■ Activity
Look through the records below for the line with "Answer yes or no. No. Is Cornflower". Return that line and each one after it up to and including the line with "Answer yes or no. Yes. Is Cornflower greater", exactly.

■ Data for this exercise

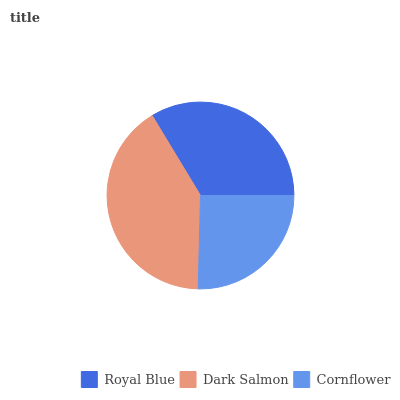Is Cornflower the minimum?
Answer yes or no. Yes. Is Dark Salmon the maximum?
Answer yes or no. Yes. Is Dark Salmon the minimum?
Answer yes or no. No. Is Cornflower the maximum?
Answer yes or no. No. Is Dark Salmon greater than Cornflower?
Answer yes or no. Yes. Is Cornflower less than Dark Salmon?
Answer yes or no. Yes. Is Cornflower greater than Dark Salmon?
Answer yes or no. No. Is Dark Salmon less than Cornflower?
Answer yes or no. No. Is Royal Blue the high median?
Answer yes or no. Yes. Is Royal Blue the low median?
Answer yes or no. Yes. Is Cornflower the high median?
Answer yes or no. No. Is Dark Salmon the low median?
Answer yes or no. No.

■ Task solution
Answer yes or no. No. Is Cornflower the maximum?
Answer yes or no. No. Is Dark Salmon greater than Cornflower?
Answer yes or no. Yes. Is Cornflower less than Dark Salmon?
Answer yes or no. Yes. Is Cornflower greater than Dark Salmon?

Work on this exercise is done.